Thank you Javie for this piece. Indeed, community radio is now a "life line" for communities to demand for service delivery in Uganda and most activists continue to find it hard to fully call for citizen participation and engage people in authority on the same. Either the costs of such radio shows are exorbitant for an activist without a budget or such activist is put under intense pressure whenever he/she seeks to promote accountability and fight corruption. This effort to demand for the right to health is commendable but where we have reached in Uganda, we need efforts to fight for virtually ALL rights. As a human rights defender, these are things we seek to foster. Thank you for the good work Comrade.

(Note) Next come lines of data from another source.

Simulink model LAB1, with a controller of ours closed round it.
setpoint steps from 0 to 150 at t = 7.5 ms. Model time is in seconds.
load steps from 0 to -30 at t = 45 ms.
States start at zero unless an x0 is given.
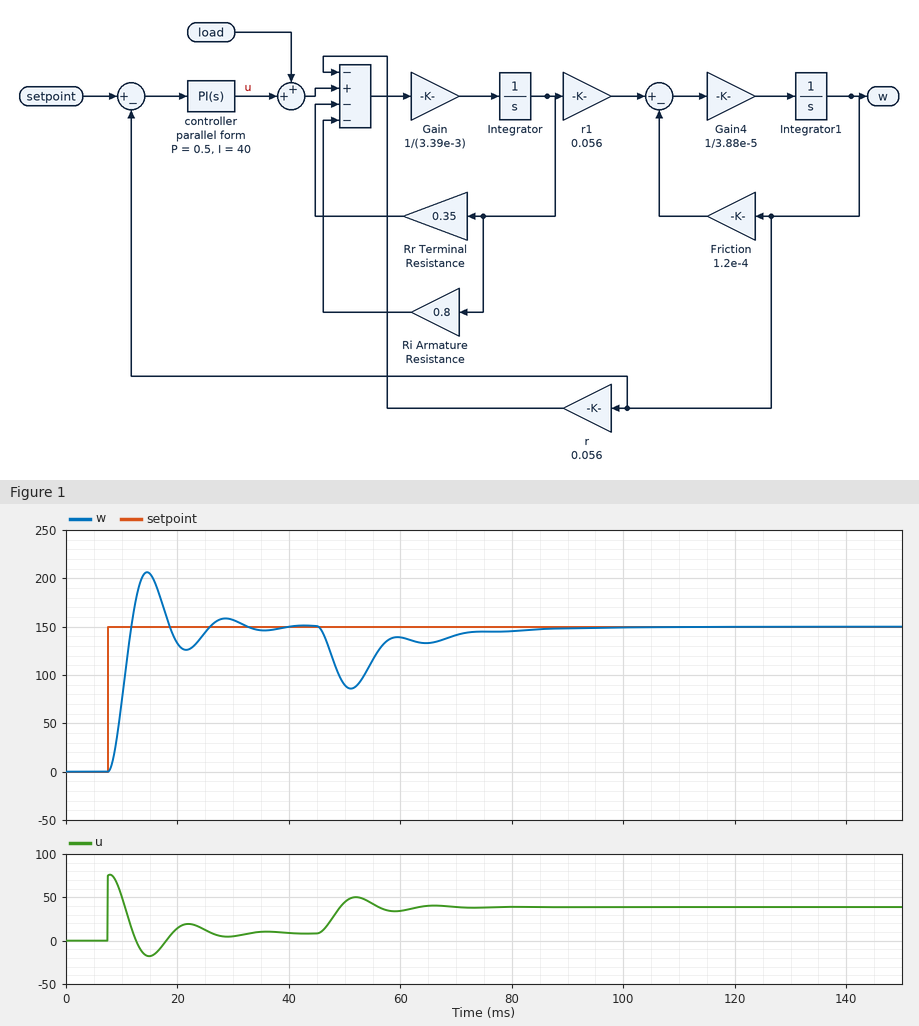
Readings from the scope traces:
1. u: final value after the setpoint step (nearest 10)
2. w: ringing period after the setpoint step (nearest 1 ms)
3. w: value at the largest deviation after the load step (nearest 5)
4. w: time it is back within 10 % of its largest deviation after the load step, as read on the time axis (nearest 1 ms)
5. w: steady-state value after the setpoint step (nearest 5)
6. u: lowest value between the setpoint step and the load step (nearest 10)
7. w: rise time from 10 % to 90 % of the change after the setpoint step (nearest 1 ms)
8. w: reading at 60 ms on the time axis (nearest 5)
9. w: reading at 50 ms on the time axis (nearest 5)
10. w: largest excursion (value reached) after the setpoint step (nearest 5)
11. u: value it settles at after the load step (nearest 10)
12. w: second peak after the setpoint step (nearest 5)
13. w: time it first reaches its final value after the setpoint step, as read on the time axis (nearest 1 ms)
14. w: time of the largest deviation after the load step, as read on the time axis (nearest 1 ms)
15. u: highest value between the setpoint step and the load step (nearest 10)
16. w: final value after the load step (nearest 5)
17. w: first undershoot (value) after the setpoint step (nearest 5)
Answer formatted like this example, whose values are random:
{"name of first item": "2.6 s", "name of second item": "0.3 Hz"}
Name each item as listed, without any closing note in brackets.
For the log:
{"u: final value after the setpoint step": "10", "w: ringing period after the setpoint step": "14 ms", "w: value at the largest deviation after the load step": "85", "w: time it is back within 10 % of its largest deviation after the load step, as read on the time axis": "72 ms", "w: steady-state value after the setpoint step": "150", "u: lowest value between the setpoint step and the load step": "-20", "w: rise time from 10 % to 90 % of the change after the setpoint step": "3 ms", "w: reading at 60 ms on the time axis": "140", "w: reading at 50 ms on the time axis": "90", "w: largest excursion (value reached) after the setpoint step": "205", "u: value it settles at after the load step": "40", "w: second peak after the setpoint step": "160", "w: time it first reaches its final value after the setpoint step, as read on the time axis": "12 ms", "w: time of the largest deviation after the load step, as read on the time axis": "51 ms", "u: highest value between the setpoint step and the load step": "80", "w: final value after the load step": "150", "w: first undershoot (value) after the setpoint step": "125"}
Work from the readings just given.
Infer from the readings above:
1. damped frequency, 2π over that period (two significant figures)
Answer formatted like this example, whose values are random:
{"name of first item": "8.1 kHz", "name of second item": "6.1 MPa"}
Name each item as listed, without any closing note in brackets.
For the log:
{"damped frequency, 2π over that period": "0.45 rad/ms"}
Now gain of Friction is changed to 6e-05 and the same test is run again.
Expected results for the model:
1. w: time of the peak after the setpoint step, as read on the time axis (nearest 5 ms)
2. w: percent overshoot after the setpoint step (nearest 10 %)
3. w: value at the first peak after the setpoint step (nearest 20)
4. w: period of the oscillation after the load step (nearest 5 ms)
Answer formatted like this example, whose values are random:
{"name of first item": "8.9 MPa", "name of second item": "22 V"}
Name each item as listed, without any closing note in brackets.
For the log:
{"w: time of the peak after the setpoint step, as read on the time axis": "15 ms", "w: percent overshoot after the setpoint step": "40 %", "w: value at the first peak after the setpoint step": "200", "w: period of the oscillation after the load step": "15 ms"}
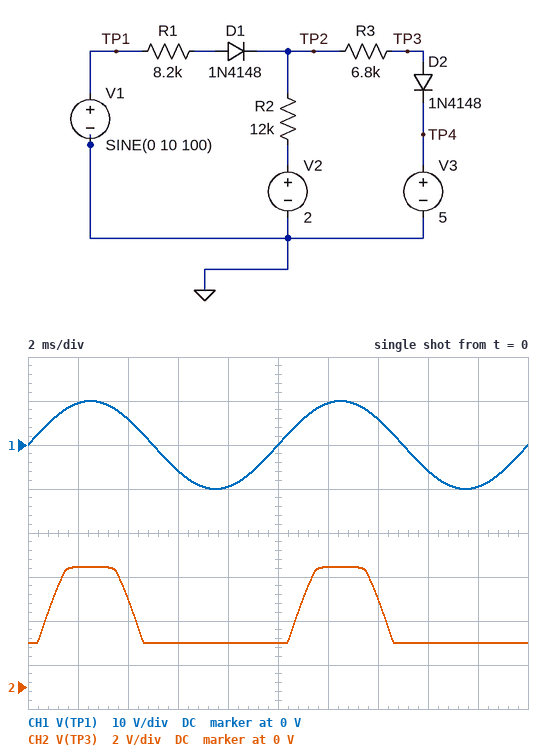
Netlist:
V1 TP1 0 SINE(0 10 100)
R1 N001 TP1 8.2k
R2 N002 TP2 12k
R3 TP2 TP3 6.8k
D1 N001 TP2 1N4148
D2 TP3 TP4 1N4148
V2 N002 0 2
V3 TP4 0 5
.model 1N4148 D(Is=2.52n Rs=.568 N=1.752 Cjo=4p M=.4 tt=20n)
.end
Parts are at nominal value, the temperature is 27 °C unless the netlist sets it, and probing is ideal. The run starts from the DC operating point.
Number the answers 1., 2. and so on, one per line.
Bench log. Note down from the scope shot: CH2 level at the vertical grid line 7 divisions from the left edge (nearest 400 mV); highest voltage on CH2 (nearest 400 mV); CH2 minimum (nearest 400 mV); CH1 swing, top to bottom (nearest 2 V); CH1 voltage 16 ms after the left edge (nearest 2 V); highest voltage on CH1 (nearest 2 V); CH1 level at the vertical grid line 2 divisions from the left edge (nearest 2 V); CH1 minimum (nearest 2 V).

1. 4.0 V
2. 5.6 V
3. 2.0 V
4. 20 V
5. -6 V
6. 10 V
7. 6 V
8. -10 V
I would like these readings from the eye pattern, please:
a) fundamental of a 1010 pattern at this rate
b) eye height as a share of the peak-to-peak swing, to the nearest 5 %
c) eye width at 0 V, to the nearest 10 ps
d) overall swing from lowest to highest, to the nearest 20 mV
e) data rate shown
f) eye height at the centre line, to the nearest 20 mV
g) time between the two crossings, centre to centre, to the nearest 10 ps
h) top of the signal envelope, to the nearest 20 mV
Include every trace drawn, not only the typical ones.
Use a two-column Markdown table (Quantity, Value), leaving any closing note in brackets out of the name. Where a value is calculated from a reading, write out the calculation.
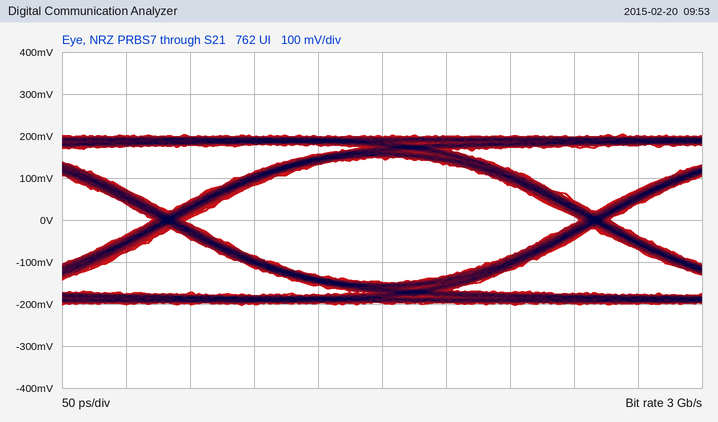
| Quantity | Value |
|---|---|
| fundamental of a 1010 pattern at this rate | 1.5 GHz |
| eye height as a share of the peak-to-peak swing, to the nearest 5 % | 300 mV / 400 mV ≈ 75 % |
| eye width at 0 V, to the nearest 10 ps | 310 ps |
| overall swing from lowest to highest, to the nearest 20 mV | 400 mV |
| data rate shown | 3 Gb/s |
| eye height at the centre line, to the nearest 20 mV | 300 mV |
| time between the two crossings, centre to centre, to the nearest 10 ps | 330 ps |
| top of the signal envelope, to the nearest 20 mV | 200 mV |
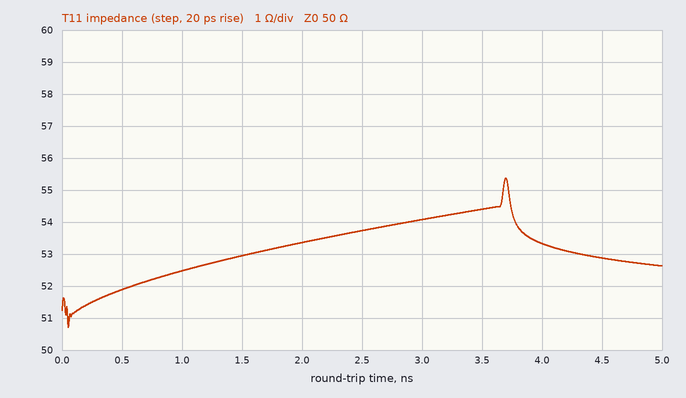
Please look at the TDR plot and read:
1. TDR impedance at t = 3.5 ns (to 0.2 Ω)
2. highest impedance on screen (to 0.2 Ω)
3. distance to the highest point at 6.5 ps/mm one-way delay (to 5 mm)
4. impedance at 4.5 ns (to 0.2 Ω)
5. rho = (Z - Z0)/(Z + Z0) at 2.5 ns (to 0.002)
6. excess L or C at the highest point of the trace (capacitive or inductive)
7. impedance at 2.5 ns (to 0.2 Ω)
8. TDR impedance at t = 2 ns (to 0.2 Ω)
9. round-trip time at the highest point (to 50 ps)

54.4 Ω
55.4 Ω
285 mm
52.8 Ω
+0.036
inductive
53.8 Ω
53.4 Ω
3.70 ns
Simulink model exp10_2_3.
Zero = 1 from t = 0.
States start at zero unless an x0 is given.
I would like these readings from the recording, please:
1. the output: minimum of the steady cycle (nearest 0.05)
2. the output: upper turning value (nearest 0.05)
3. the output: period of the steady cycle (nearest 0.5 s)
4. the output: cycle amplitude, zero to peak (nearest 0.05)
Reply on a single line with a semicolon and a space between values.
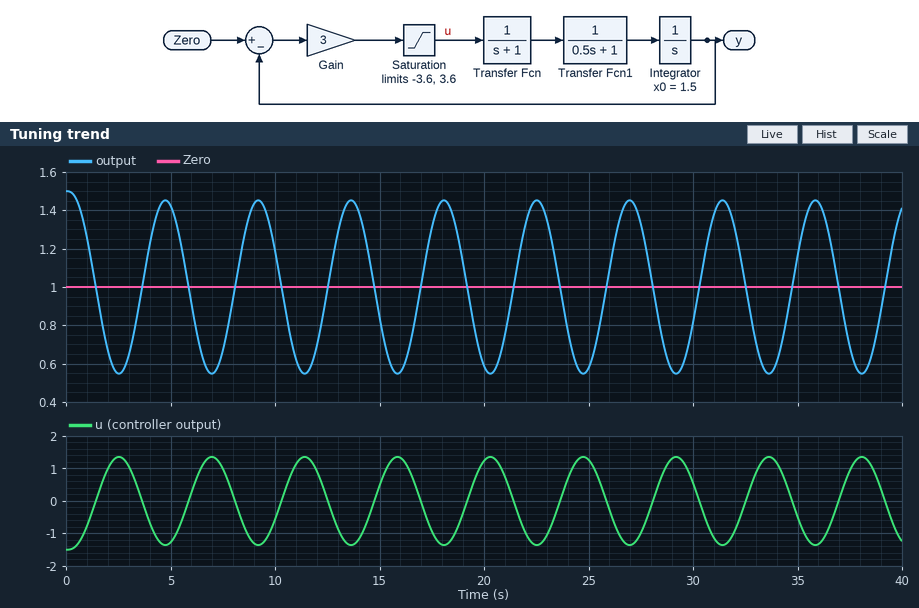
0.55; 1.45; 4.5 s; 0.45
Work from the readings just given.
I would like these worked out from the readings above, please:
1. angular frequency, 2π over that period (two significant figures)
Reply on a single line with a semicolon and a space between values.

1.4 rad/s
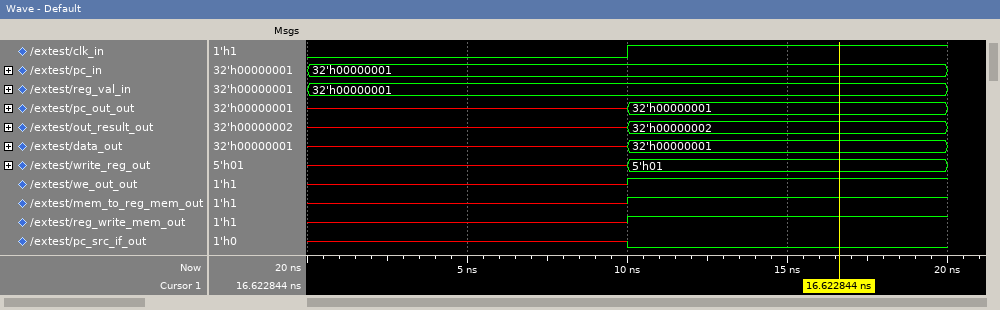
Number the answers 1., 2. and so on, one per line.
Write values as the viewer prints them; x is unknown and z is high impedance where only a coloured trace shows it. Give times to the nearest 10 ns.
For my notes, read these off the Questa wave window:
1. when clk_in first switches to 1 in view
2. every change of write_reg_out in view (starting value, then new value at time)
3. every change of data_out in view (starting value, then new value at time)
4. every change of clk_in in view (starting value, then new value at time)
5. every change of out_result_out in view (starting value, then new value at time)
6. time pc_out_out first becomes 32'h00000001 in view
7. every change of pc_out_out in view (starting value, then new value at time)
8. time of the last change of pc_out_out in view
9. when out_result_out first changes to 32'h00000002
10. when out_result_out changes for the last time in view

1. 10 ns
2. x, 5'h01 at 10 ns
3. x, 32'h00000001 at 10 ns
4. 0, 1 at 10 ns
5. x, 32'h00000002 at 10 ns
6. 10 ns
7. x, 32'h00000001 at 10 ns
8. 10 ns
9. 10 ns
10. 10 ns
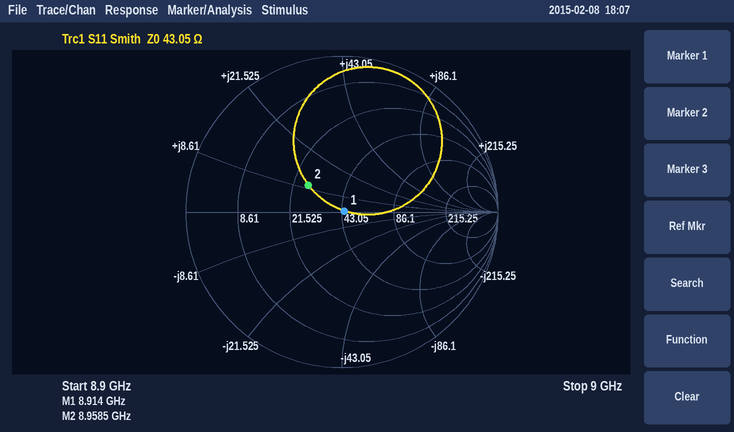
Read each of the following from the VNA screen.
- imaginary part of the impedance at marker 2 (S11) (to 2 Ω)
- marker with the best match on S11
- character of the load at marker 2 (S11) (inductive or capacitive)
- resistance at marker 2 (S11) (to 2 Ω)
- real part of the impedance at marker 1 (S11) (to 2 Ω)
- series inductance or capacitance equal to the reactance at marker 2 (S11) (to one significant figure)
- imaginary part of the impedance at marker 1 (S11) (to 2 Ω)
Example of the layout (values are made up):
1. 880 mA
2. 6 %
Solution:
1. +10 Ω
2. marker 1
3. inductive
4. 26 Ω
5. 44 Ω
6. 200 pH
7. 0 Ω
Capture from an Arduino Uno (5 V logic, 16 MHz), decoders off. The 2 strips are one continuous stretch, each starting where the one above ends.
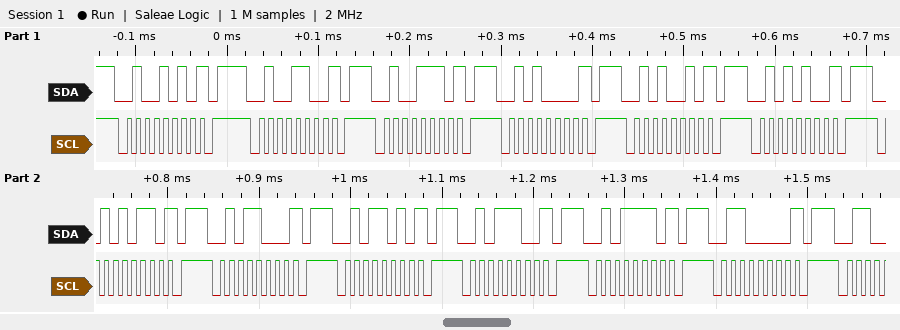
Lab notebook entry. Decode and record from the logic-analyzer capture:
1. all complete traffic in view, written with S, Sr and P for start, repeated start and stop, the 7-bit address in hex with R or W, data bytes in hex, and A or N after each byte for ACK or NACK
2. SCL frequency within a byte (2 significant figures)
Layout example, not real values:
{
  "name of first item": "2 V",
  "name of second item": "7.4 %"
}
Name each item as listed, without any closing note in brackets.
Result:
{
  "all complete traffic in view, written with S, Sr and P for start, repeated start and stop, the 7-bit address in hex with R or W, data bytes in hex, and A or N after each byte for ACK or NACK": "S 25W N P S 26W N P S 27W N P S 28W N P S 29W N P S 2AW N P S 2BW N P S 2CW N P S 2DW N P S 2EW N P S 2FW N P S 30W N P",
  "SCL frequency within a byte": "100 kHz"
}
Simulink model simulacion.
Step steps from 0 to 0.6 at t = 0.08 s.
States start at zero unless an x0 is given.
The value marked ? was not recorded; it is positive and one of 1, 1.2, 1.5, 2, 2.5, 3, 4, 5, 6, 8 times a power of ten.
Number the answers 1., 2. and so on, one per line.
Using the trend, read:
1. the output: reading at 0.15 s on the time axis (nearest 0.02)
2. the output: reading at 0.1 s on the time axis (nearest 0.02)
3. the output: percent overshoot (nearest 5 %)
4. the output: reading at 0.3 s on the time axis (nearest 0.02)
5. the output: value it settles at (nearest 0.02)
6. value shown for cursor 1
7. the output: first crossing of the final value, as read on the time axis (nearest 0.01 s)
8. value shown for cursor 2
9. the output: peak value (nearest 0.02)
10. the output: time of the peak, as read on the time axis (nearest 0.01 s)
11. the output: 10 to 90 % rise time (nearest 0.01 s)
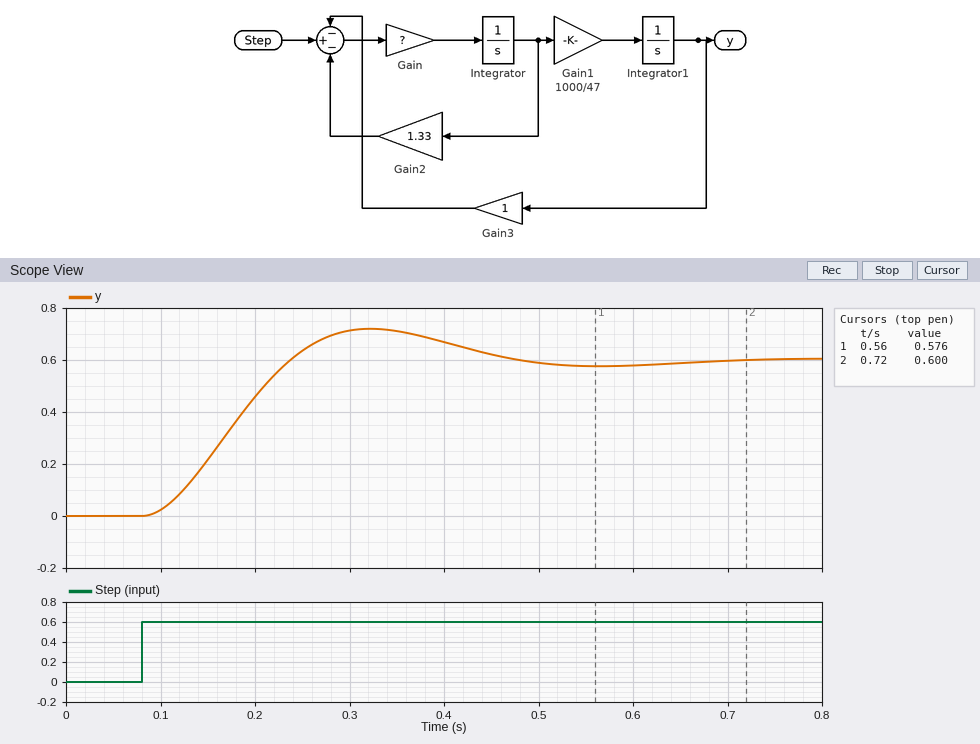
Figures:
1. 0.22
2. 0.02
3. 20 %
4. 0.72
5. 0.60
6. 0.576
7. 0.24 s
8. 0.600
9. 0.72
10. 0.32 s
11. 0.11 s
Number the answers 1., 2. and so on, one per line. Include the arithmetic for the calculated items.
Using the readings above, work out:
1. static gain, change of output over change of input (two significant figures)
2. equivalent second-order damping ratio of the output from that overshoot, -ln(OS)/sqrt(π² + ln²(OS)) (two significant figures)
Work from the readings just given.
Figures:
1. (0.6 - 0) / (0.6 - 0) = 1.0
2. ln(0.2) = -1.609; 1.609 / sqrt(9.870 + 2.590) = 0.46
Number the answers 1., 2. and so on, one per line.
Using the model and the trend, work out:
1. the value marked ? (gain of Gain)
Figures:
1. 10
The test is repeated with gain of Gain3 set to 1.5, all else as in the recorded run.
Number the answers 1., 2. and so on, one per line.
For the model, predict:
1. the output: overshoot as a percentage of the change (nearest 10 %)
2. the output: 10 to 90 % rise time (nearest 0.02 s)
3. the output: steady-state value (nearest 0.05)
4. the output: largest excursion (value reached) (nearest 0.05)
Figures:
1. 30 %
2. 0.08 s
3. 0.40
4. 0.50
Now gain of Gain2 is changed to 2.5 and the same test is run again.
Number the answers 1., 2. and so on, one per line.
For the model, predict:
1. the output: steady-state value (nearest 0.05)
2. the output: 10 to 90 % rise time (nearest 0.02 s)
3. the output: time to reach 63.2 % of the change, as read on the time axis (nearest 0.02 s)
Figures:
1. 0.60
2. 0.18 s
3. 0.22 s

Thanks for the kind comments. :)

Yes for sure, am happy to know about those who support local radios in Uganda. If it was not Kanungu Broadcasting Services in south western Uganda i would not know about reproductive health and how to protect my self from being infected with HIV/AIDS. Some programs on these radios also helps to be innovative and start community based organizations http://www.facebook.com/pages/Community-Initiatives-For-Biodiversity-Con...

Thank you open society foundation for the good work. it's true alot of Ugandans do not know their rights but with the help of radio stations they learn alot. I wanted to open a community radio station in entebbe but failed because I didn't have enough equipment.